After reading Trump’s testimony one can only wonder what he might say under oath about the presidential records and classified documents he stole from the White House.

~ 2 ~

Hooked: Rep. George Santos charged by DOJ

Criminal charges were filed today under seal in the Eastern District of New York against Rep. Santos. Specifics about the charges are as yet unknown.

While the current GOP-led House Ethics Committee has been dragging its feet investigating – Santos, alias Anthony Dee – the representative for New York’s 3rd congressional district has been under pressure by House Democrats to resign due to his manifold lies and apparent frauds.

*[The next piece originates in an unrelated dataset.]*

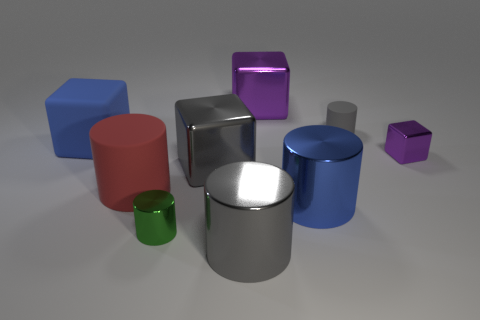How many other things are the same material as the big red cylinder? There are two other objects in the image that appear to be made of the same glossy material as the big red cylinder. These objects are the large silver cylinder and the small green cylinder.

During his brief time in office, Santos has been accused of breaking campaign finance laws, violating federal conflict of interest laws, stealing cash meant for an Iraq War veteran’s dying dog, masterminding a credit card fraud scheme and lying about where he went to school and worked.

In response, House Speaker Kevin McCarthy said, “I’ll look at the charges.”

Right. He’s only had nearly 6 months to look into Santos to prevent more embarrassment for the House GOP Caucus and NY-03’s constituents. You’d think Santos having at least one alias and settling criminal charges for fraud in another country would clue McCarthy.

As Marcy noted, Santos was useful to McCarthy:

His utility is done, isn’t it, Kevin? Or do you want to be personally embarrassed by what may emerge from DOJ’s prosecution of Santos?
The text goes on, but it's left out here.